» **EXERCISE INPUTS**:
___
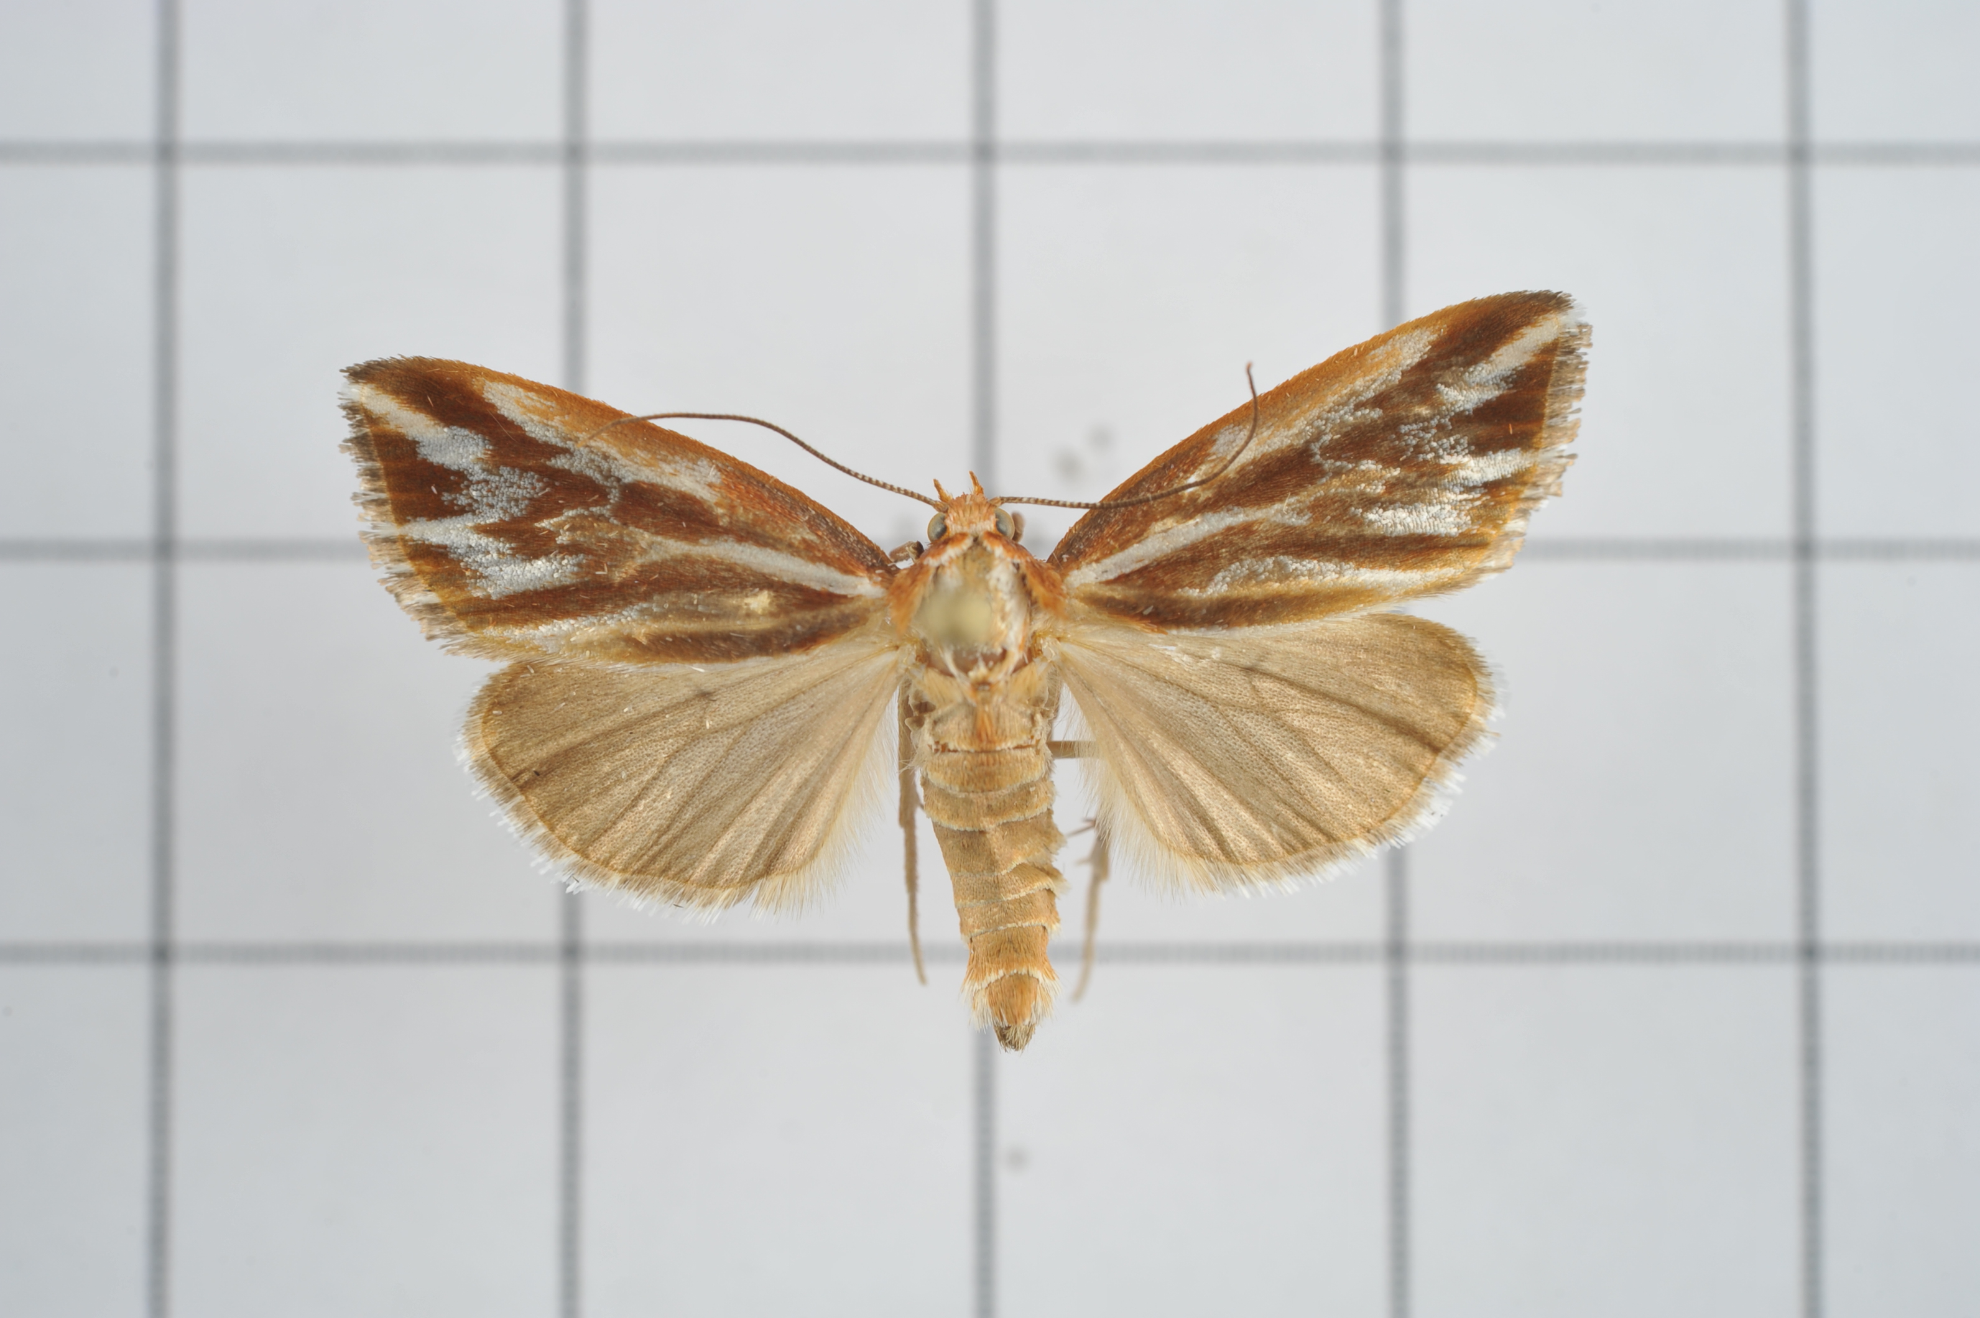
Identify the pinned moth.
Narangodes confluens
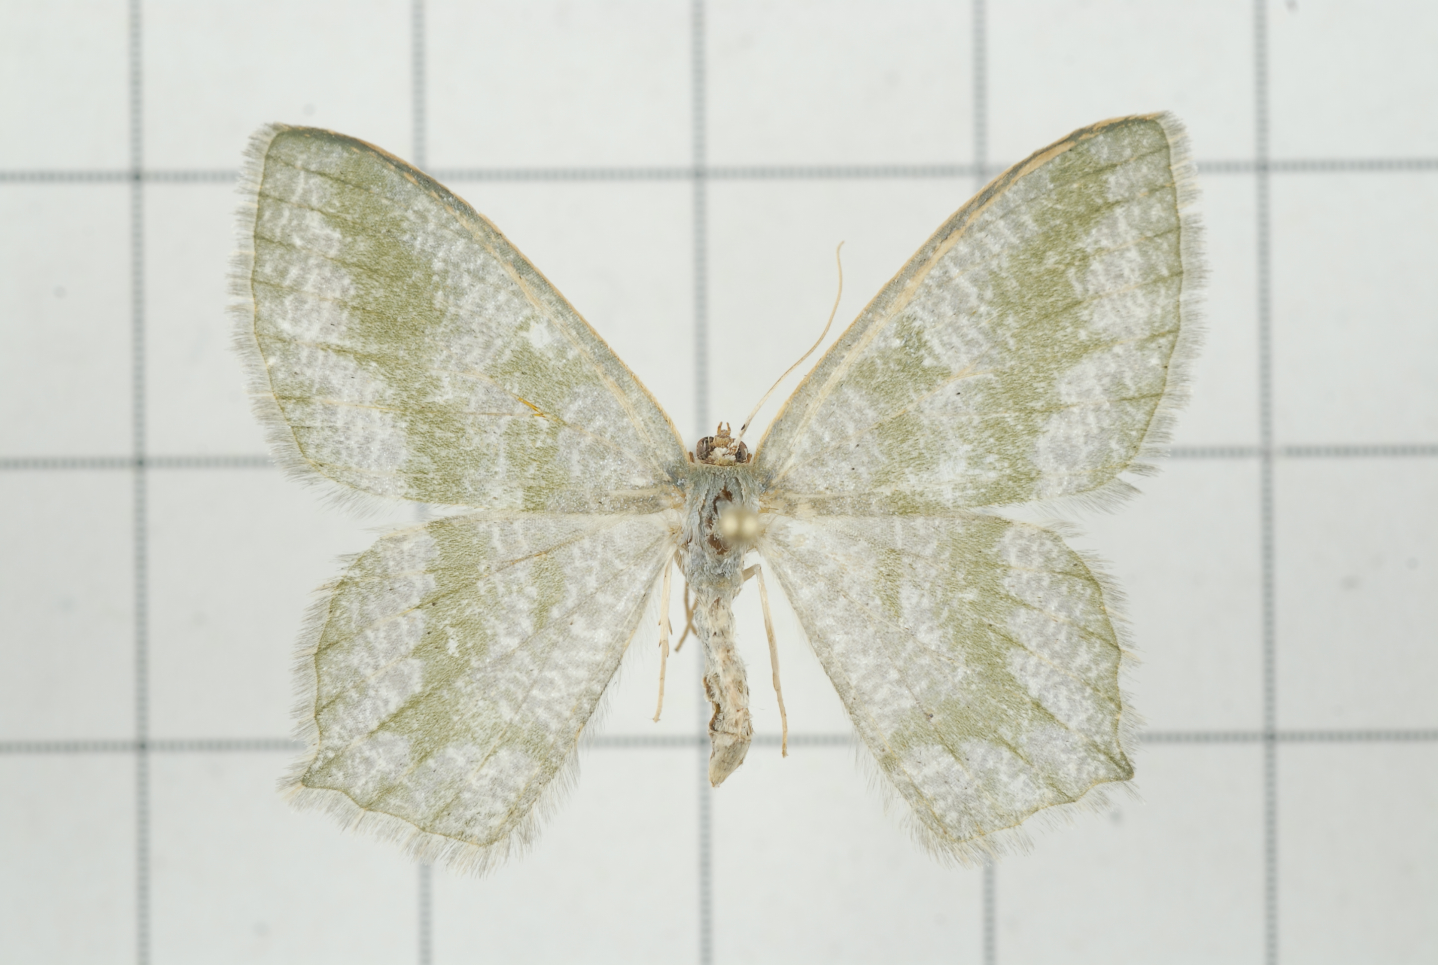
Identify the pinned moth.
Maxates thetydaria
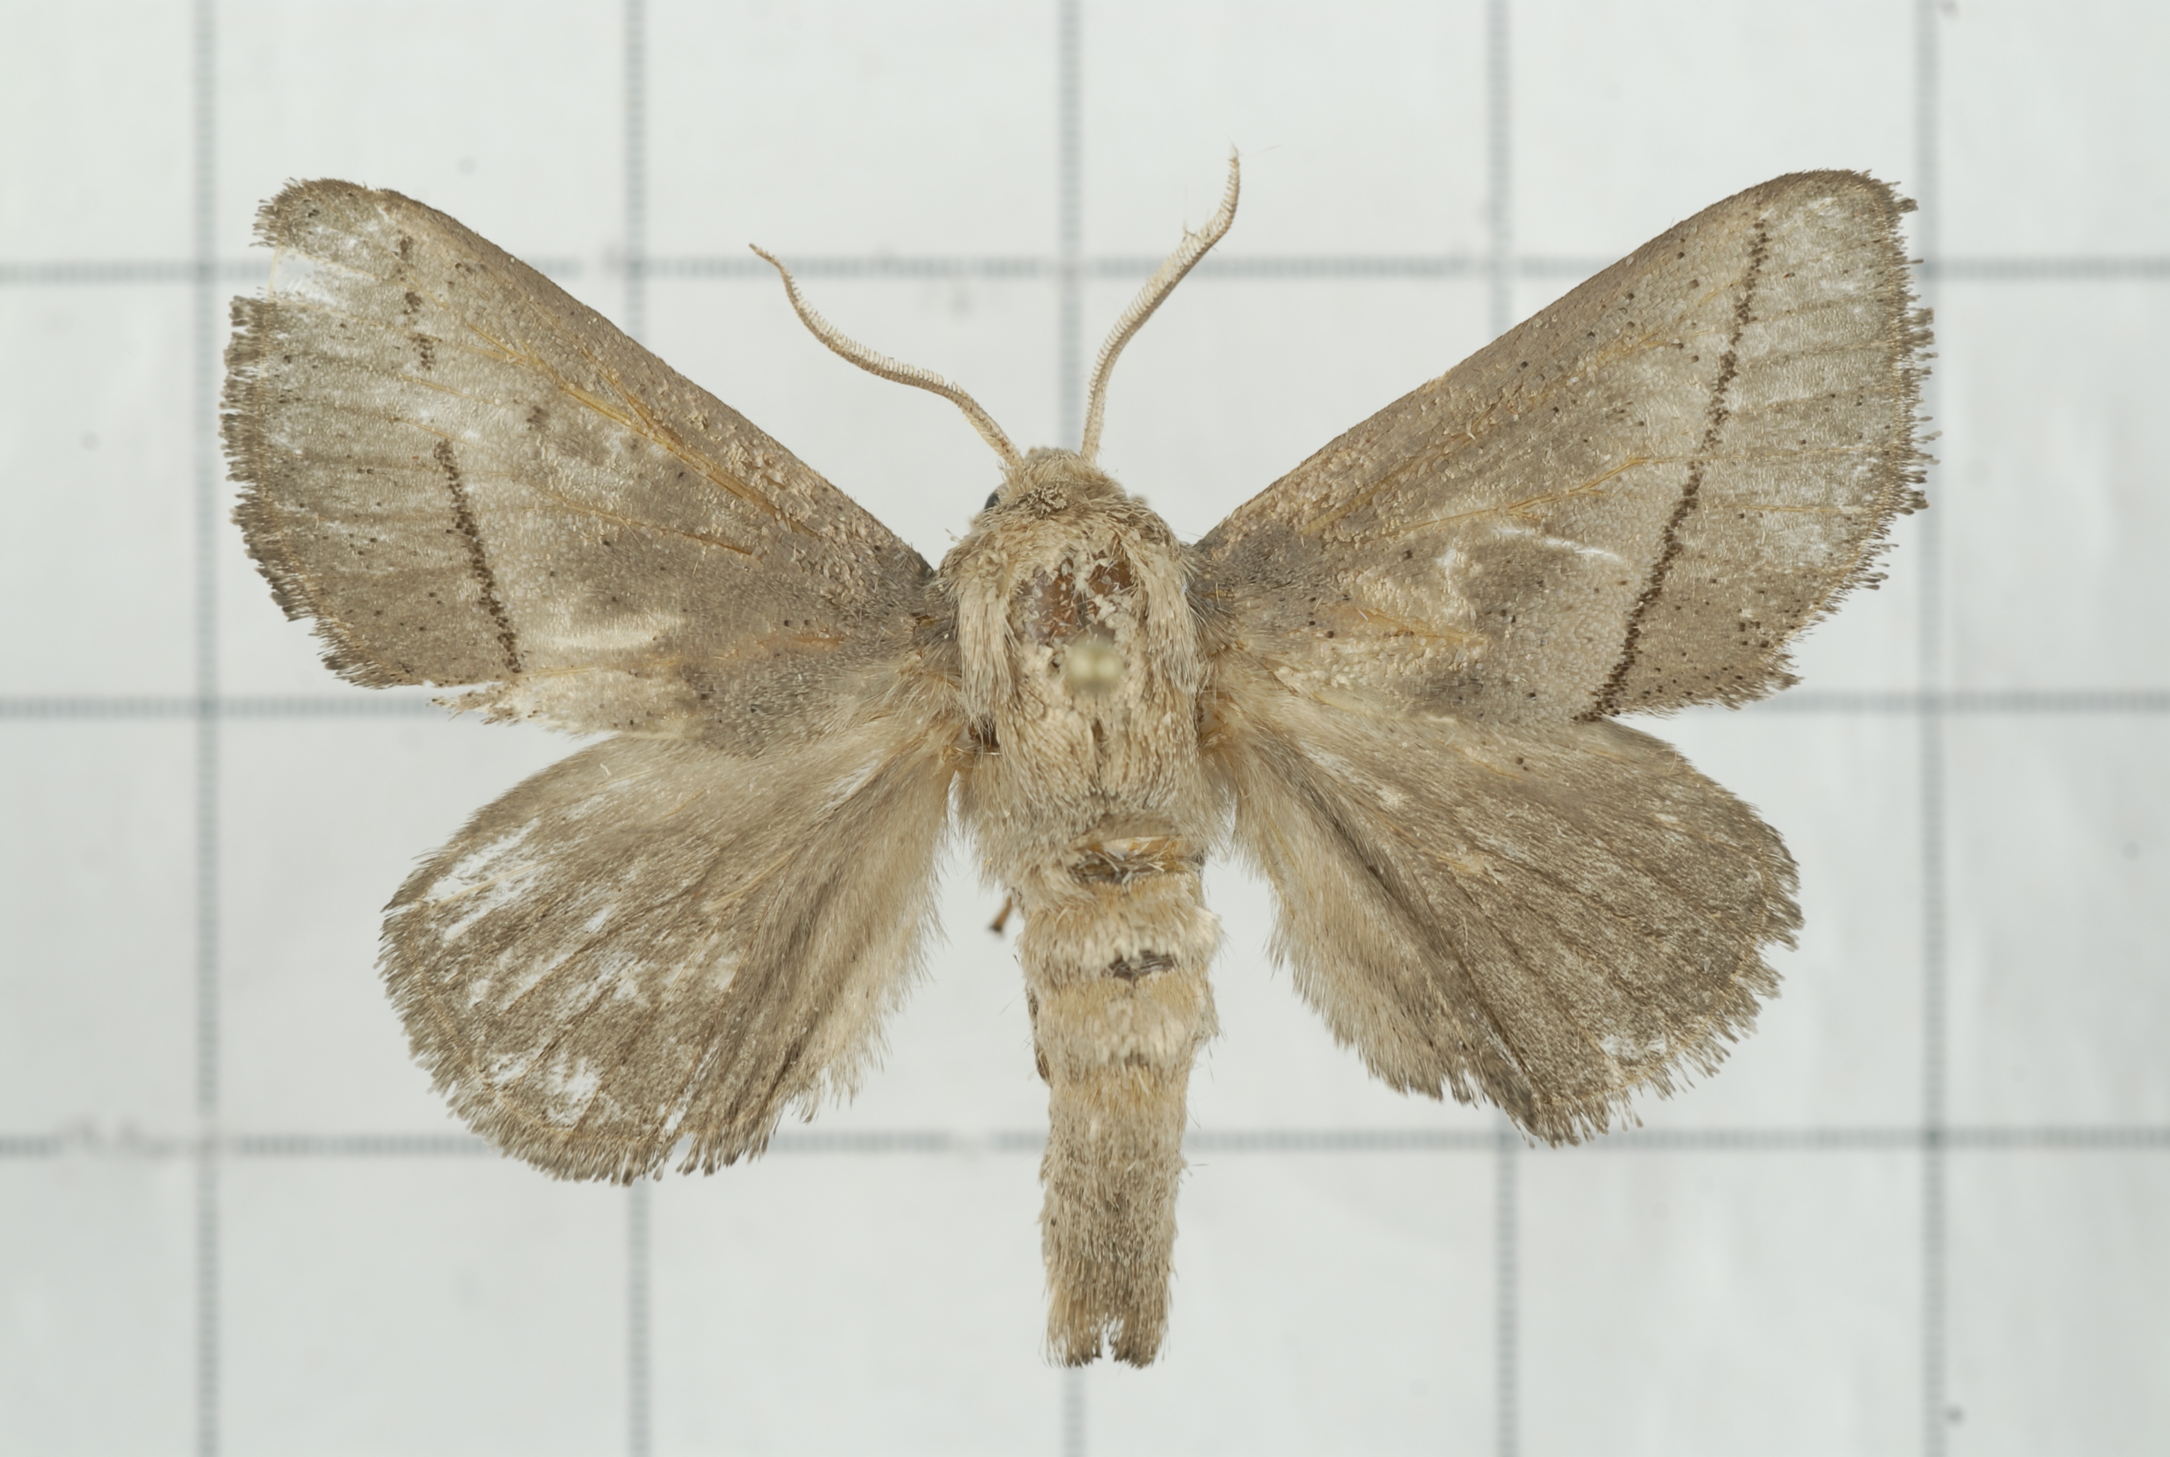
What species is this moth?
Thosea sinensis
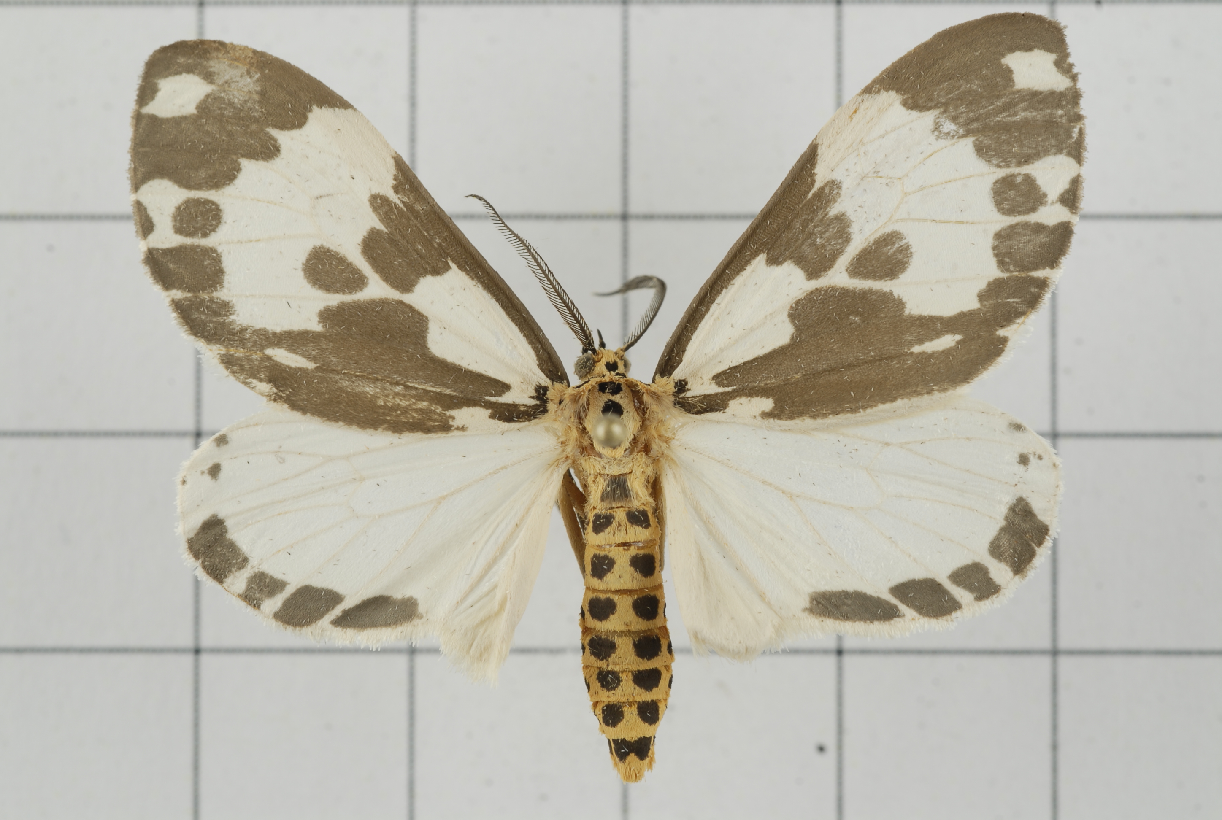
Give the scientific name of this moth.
___
» **INSTRUCTIONS FOR THE TASK**: All of the entries must be reproduced exactly, apart from the pictures, which are to be dropped.

» **THE ANSWER**:
Identify the pinned moth.
Narangodes confluens
Identify the pinned moth.
Maxates thetydaria
What species is this moth?
Thosea sinensis
Give the scientific name of this moth.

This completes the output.